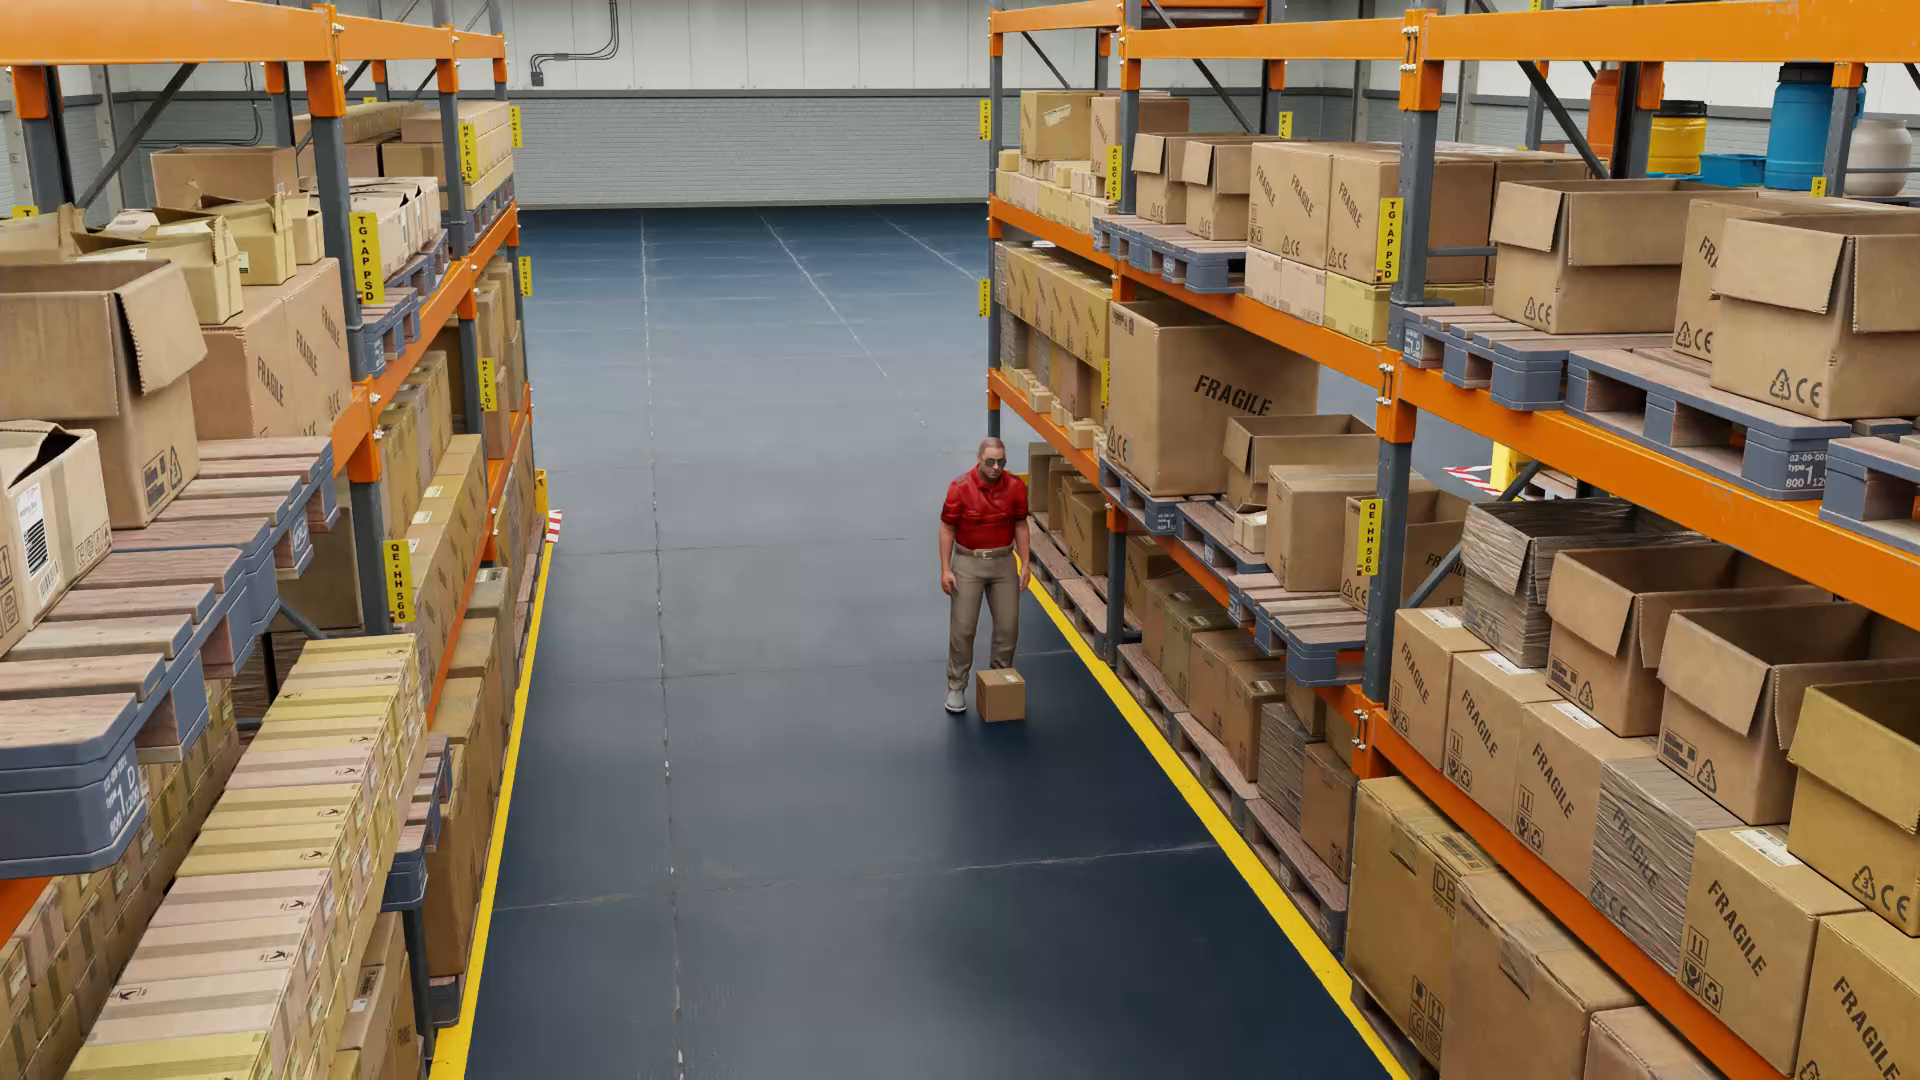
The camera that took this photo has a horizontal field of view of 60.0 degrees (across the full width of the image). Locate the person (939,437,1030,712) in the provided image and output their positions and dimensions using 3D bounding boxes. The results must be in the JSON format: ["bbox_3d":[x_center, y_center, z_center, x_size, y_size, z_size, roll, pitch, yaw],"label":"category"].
[{"bbox_3d":[0.162,0.193,10.396,0.586,1.726,0.400,-4,17,-13],"label":"person"}]
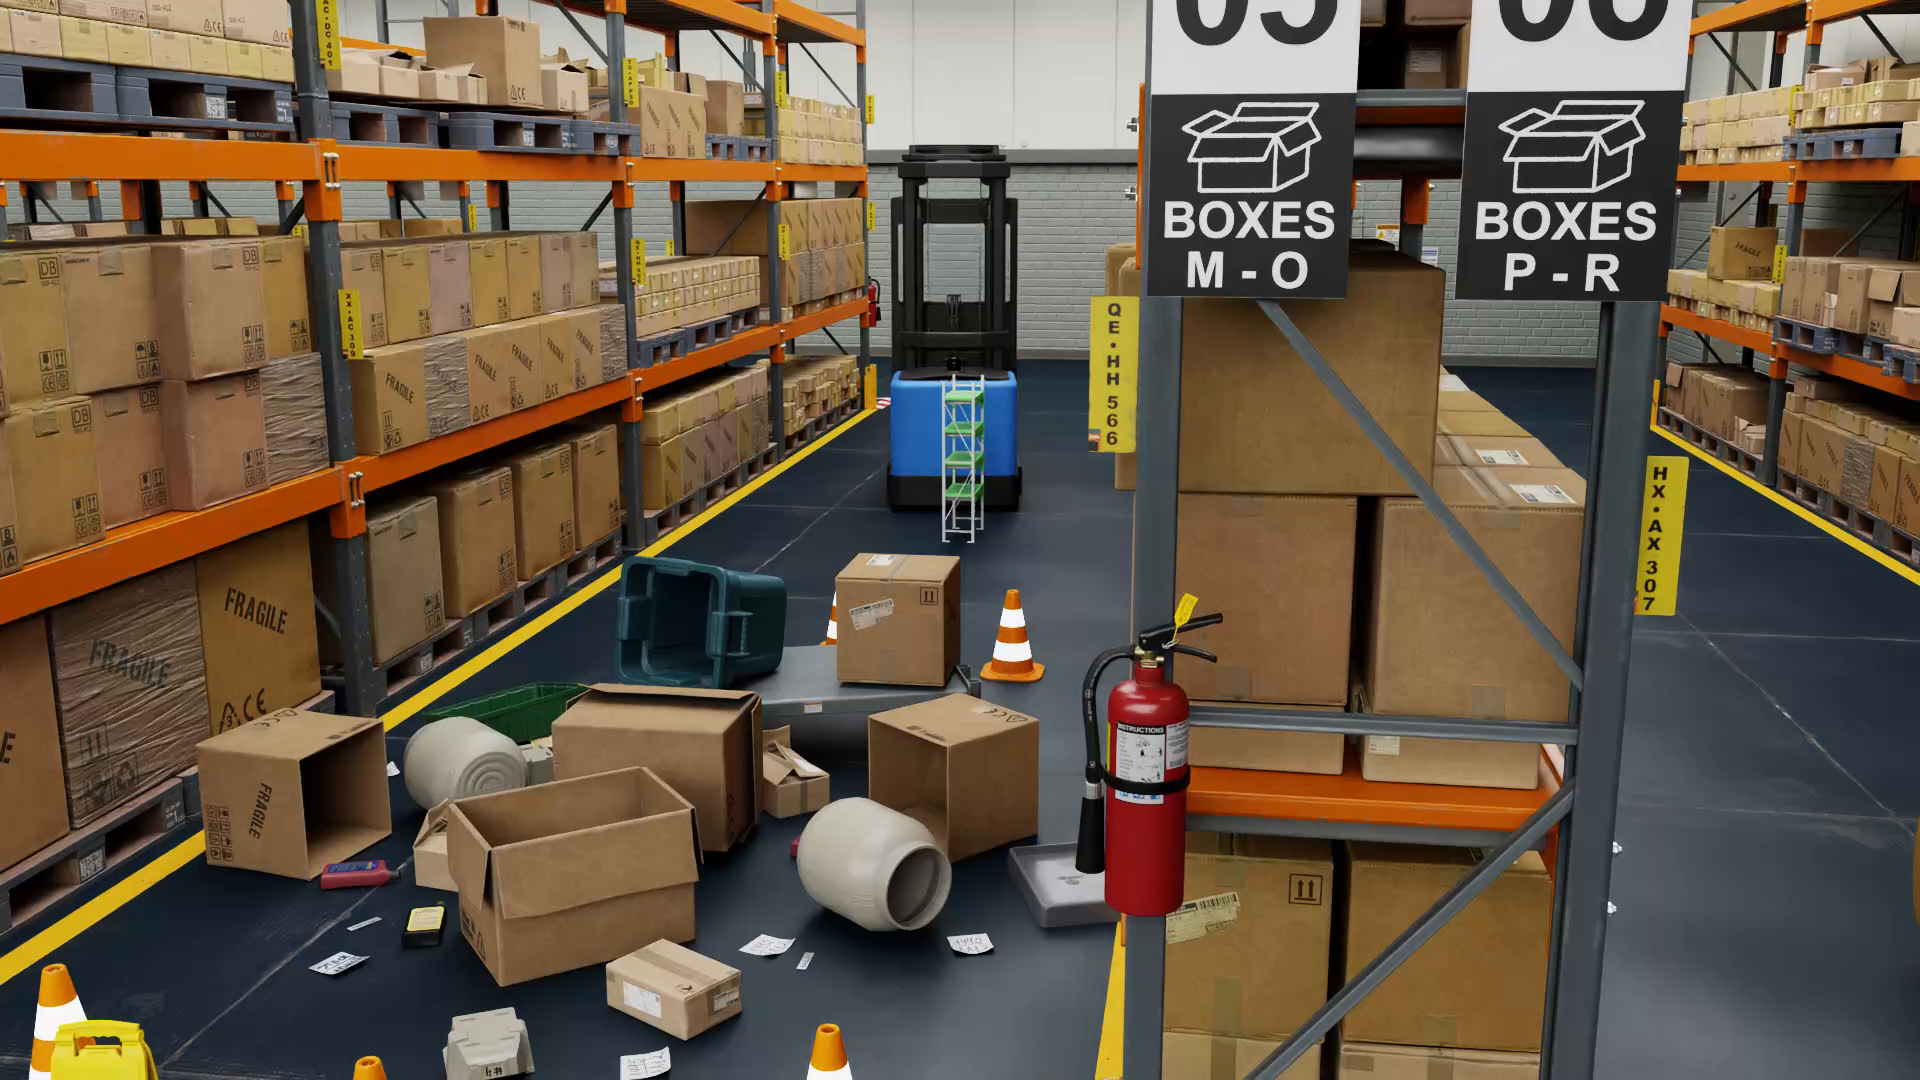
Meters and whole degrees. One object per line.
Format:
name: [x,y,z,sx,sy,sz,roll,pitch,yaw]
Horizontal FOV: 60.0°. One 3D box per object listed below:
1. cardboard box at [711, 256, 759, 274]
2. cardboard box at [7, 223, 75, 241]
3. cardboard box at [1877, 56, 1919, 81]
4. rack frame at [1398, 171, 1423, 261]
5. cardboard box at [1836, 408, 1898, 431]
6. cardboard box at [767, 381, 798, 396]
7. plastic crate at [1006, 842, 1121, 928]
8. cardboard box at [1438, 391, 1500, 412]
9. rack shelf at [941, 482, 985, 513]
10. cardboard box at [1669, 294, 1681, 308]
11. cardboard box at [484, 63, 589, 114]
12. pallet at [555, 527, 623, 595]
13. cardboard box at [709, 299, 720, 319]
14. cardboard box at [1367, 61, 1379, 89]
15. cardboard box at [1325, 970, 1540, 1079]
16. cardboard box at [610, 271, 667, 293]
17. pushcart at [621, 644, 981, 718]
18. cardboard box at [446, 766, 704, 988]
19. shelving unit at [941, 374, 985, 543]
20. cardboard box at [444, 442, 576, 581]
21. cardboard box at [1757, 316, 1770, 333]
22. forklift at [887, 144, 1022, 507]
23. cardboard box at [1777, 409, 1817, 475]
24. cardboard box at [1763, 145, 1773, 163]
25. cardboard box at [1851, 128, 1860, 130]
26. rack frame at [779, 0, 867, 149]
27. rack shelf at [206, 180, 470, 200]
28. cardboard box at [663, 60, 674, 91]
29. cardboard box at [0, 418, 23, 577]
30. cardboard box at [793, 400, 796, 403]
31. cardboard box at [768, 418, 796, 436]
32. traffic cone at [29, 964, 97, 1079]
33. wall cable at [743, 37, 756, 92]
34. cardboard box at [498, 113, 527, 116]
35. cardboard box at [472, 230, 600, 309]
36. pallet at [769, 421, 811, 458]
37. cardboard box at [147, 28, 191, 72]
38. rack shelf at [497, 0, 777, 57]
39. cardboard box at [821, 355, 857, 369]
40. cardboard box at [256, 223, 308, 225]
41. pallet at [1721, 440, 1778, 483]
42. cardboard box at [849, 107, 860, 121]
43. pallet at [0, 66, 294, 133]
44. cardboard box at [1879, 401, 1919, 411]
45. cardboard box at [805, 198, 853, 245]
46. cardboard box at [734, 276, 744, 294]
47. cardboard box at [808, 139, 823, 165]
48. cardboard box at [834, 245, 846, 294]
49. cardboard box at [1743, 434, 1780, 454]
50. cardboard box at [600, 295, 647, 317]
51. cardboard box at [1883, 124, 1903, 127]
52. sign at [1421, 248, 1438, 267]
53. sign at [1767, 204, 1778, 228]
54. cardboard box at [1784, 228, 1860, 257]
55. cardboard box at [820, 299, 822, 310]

WORK INSTRUCTION: Your task for the entries above: copy exactly the span starting with the line with "19. shelving unit at [941, 374, 985, 543]" and going on through the line with "24. cardboard box at [1763, 145, 1773, 163]", both lines included, and nothing else.

ANSWER FOR THE TASK:
19. shelving unit at [941, 374, 985, 543]
20. cardboard box at [444, 442, 576, 581]
21. cardboard box at [1757, 316, 1770, 333]
22. forklift at [887, 144, 1022, 507]
23. cardboard box at [1777, 409, 1817, 475]
24. cardboard box at [1763, 145, 1773, 163]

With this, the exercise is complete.